[Start of Attachment]

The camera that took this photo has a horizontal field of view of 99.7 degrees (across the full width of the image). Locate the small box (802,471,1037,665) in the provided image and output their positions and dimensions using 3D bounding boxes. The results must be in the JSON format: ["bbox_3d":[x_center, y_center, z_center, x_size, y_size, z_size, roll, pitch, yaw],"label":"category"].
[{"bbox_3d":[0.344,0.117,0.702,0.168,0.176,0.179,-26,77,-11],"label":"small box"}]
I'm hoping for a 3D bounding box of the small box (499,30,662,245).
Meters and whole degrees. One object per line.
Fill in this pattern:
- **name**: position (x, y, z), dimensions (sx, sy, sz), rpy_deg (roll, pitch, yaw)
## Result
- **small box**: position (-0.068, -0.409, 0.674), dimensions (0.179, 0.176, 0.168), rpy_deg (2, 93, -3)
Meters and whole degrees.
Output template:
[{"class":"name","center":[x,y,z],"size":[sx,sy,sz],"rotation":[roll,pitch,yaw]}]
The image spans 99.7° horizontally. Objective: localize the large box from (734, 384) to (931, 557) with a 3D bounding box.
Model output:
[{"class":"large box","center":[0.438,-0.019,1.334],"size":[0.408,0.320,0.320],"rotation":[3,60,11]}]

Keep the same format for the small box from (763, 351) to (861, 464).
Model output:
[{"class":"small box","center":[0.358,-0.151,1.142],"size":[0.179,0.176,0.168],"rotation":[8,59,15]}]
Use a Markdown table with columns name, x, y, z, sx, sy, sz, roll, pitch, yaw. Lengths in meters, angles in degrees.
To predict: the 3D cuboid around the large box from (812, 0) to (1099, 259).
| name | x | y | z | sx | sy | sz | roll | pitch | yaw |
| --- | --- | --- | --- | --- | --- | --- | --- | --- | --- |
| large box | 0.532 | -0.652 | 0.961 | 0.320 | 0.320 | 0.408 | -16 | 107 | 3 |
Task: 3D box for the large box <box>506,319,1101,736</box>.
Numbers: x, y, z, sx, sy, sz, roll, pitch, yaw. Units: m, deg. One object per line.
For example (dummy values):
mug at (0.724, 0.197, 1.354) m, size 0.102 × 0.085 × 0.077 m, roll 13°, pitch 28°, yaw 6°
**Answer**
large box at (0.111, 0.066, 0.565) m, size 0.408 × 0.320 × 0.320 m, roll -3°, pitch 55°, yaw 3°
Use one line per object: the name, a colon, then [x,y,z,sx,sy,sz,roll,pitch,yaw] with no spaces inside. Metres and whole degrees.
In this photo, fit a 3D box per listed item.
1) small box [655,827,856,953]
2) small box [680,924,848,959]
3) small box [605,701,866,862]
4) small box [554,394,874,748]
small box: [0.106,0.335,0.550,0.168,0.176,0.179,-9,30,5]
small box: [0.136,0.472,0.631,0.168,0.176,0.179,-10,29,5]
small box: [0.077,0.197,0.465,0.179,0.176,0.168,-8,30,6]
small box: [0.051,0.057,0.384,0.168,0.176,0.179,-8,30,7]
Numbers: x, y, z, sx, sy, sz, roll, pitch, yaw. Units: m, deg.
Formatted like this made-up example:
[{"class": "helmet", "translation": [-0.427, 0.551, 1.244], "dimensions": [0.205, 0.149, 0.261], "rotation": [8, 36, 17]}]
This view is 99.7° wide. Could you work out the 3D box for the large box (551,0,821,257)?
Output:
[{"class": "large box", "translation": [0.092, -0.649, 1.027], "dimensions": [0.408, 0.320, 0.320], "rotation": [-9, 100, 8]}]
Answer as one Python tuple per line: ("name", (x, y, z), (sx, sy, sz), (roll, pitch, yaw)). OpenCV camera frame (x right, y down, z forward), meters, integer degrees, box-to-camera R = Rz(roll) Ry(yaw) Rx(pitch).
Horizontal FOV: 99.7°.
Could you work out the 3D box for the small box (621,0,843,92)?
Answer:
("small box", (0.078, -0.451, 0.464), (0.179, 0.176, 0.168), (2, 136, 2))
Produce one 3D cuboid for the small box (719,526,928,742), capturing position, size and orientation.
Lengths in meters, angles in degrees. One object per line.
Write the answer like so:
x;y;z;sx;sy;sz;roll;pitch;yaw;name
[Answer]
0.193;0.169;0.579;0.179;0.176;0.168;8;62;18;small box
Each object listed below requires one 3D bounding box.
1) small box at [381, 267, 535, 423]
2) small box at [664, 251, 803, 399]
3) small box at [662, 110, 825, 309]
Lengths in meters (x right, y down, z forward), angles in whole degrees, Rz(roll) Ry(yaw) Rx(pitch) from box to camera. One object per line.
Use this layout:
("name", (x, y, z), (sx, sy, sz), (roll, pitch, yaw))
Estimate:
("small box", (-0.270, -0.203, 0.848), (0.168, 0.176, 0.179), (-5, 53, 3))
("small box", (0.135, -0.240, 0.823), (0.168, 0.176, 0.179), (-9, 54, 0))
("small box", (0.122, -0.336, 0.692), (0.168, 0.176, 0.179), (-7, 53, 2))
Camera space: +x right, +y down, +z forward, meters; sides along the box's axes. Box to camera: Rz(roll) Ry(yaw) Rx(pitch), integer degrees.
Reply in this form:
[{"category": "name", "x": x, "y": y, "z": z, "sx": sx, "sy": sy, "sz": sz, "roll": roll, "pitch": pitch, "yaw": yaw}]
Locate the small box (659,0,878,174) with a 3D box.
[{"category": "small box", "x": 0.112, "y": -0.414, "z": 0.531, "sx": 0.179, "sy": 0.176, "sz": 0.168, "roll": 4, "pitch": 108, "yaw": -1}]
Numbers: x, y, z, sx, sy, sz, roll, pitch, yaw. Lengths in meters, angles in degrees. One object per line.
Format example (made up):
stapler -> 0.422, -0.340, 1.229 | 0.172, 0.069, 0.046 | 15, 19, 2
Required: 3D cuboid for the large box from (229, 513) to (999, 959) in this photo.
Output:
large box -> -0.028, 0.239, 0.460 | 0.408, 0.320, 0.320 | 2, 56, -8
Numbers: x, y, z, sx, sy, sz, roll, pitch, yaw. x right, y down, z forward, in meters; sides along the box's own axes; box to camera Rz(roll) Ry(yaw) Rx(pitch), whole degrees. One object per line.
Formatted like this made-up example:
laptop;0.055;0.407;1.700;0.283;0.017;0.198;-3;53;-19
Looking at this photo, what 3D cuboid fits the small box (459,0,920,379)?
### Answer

[End of Attachment]

### Task item
Retype the material above exactly as given.

### Written reply
The camera that took this photo has a horizontal field of view of 99.7 degrees (across the full width of the image). Locate the small box (802,471,1037,665) in the provided image and output their positions and dimensions using 3D bounding boxes. The results must be in the JSON format: ["bbox_3d":[x_center, y_center, z_center, x_size, y_size, z_size, roll, pitch, yaw],"label":"category"].
[{"bbox_3d":[0.344,0.117,0.702,0.168,0.176,0.179,-26,77,-11],"label":"small box"}]
I'm hoping for a 3D bounding box of the small box (499,30,662,245).
Meters and whole degrees. One object per line.
Fill in this pattern:
- **name**: position (x, y, z), dimensions (sx, sy, sz), rpy_deg (roll, pitch, yaw)
## Result
- **small box**: position (-0.068, -0.409, 0.674), dimensions (0.179, 0.176, 0.168), rpy_deg (2, 93, -3)
Meters and whole degrees.
Output template:
[{"class":"name","center":[x,y,z],"size":[sx,sy,sz],"rotation":[roll,pitch,yaw]}]
The image spans 99.7° horizontally. Objective: localize the large box from (734, 384) to (931, 557) with a 3D bounding box.
Model output:
[{"class":"large box","center":[0.438,-0.019,1.334],"size":[0.408,0.320,0.320],"rotation":[3,60,11]}]

Keep the same format for the small box from (763, 351) to (861, 464).
Model output:
[{"class":"small box","center":[0.358,-0.151,1.142],"size":[0.179,0.176,0.168],"rotation":[8,59,15]}]
Use a Markdown table with columns name, x, y, z, sx, sy, sz, roll, pitch, yaw. Lengths in meters, angles in degrees.
To predict: the 3D cuboid around the large box from (812, 0) to (1099, 259).
| name | x | y | z | sx | sy | sz | roll | pitch | yaw |
| --- | --- | --- | --- | --- | --- | --- | --- | --- | --- |
| large box | 0.532 | -0.652 | 0.961 | 0.320 | 0.320 | 0.408 | -16 | 107 | 3 |
Task: 3D box for the large box <box>506,319,1101,736</box>.
Numbers: x, y, z, sx, sy, sz, roll, pitch, yaw. Units: m, deg. One object per line.
For example (dummy values):
mug at (0.724, 0.197, 1.354) m, size 0.102 × 0.085 × 0.077 m, roll 13°, pitch 28°, yaw 6°
**Answer**
large box at (0.111, 0.066, 0.565) m, size 0.408 × 0.320 × 0.320 m, roll -3°, pitch 55°, yaw 3°
Use one line per object: the name, a colon, then [x,y,z,sx,sy,sz,roll,pitch,yaw] with no spaces inside. Metres and whole degrees.
In this photo, fit a 3D box per listed item.
1) small box [655,827,856,953]
2) small box [680,924,848,959]
3) small box [605,701,866,862]
4) small box [554,394,874,748]
small box: [0.106,0.335,0.550,0.168,0.176,0.179,-9,30,5]
small box: [0.136,0.472,0.631,0.168,0.176,0.179,-10,29,5]
small box: [0.077,0.197,0.465,0.179,0.176,0.168,-8,30,6]
small box: [0.051,0.057,0.384,0.168,0.176,0.179,-8,30,7]
Numbers: x, y, z, sx, sy, sz, roll, pitch, yaw. Units: m, deg.
Formatted like this made-up example:
[{"class": "helmet", "translation": [-0.427, 0.551, 1.244], "dimensions": [0.205, 0.149, 0.261], "rotation": [8, 36, 17]}]
This view is 99.7° wide. Could you work out the 3D box for the large box (551,0,821,257)?
Output:
[{"class": "large box", "translation": [0.092, -0.649, 1.027], "dimensions": [0.408, 0.320, 0.320], "rotation": [-9, 100, 8]}]
Answer as one Python tuple per line: ("name", (x, y, z), (sx, sy, sz), (roll, pitch, yaw)). OpenCV camera frame (x right, y down, z forward), meters, integer degrees, box-to-camera R = Rz(roll) Ry(yaw) Rx(pitch).
Horizontal FOV: 99.7°.
Could you work out the 3D box for the small box (621,0,843,92)?
Answer:
("small box", (0.078, -0.451, 0.464), (0.179, 0.176, 0.168), (2, 136, 2))
Produce one 3D cuboid for the small box (719,526,928,742), capturing position, size and orientation.
Lengths in meters, angles in degrees. One object per line.
Write the answer like so:
x;y;z;sx;sy;sz;roll;pitch;yaw;name
[Answer]
0.193;0.169;0.579;0.179;0.176;0.168;8;62;18;small box
Each object listed below requires one 3D bounding box.
1) small box at [381, 267, 535, 423]
2) small box at [664, 251, 803, 399]
3) small box at [662, 110, 825, 309]
Lengths in meters (x right, y down, z forward), angles in whole degrees, Rz(roll) Ry(yaw) Rx(pitch) from box to camera. One object per line.
Use this layout:
("name", (x, y, z), (sx, sy, sz), (roll, pitch, yaw))
Estimate:
("small box", (-0.270, -0.203, 0.848), (0.168, 0.176, 0.179), (-5, 53, 3))
("small box", (0.135, -0.240, 0.823), (0.168, 0.176, 0.179), (-9, 54, 0))
("small box", (0.122, -0.336, 0.692), (0.168, 0.176, 0.179), (-7, 53, 2))
Camera space: +x right, +y down, +z forward, meters; sides along the box's axes. Box to camera: Rz(roll) Ry(yaw) Rx(pitch), integer degrees.
Reply in this form:
[{"category": "name", "x": x, "y": y, "z": z, "sx": sx, "sy": sy, "sz": sz, "roll": roll, "pitch": pitch, "yaw": yaw}]
Locate the small box (659,0,878,174) with a 3D box.
[{"category": "small box", "x": 0.112, "y": -0.414, "z": 0.531, "sx": 0.179, "sy": 0.176, "sz": 0.168, "roll": 4, "pitch": 108, "yaw": -1}]
Numbers: x, y, z, sx, sy, sz, roll, pitch, yaw. Lengths in meters, angles in degrees. One object per line.
Format example (made up):
stapler -> 0.422, -0.340, 1.229 | 0.172, 0.069, 0.046 | 15, 19, 2
Required: 3D cuboid for the large box from (229, 513) to (999, 959) in this photo.
Output:
large box -> -0.028, 0.239, 0.460 | 0.408, 0.320, 0.320 | 2, 56, -8
Numbers: x, y, z, sx, sy, sz, roll, pitch, yaw. x right, y down, z forward, in meters; sides along the box's own axes; box to camera Rz(roll) Ry(yaw) Rx(pitch), whole degrees. One object per line.
Formatted like this made-up example:
laptop;0.055;0.407;1.700;0.283;0.017;0.198;-3;53;-19
Looking at this photo, what 3D cuboid fits the small box (459,0,920,379)?
### Answer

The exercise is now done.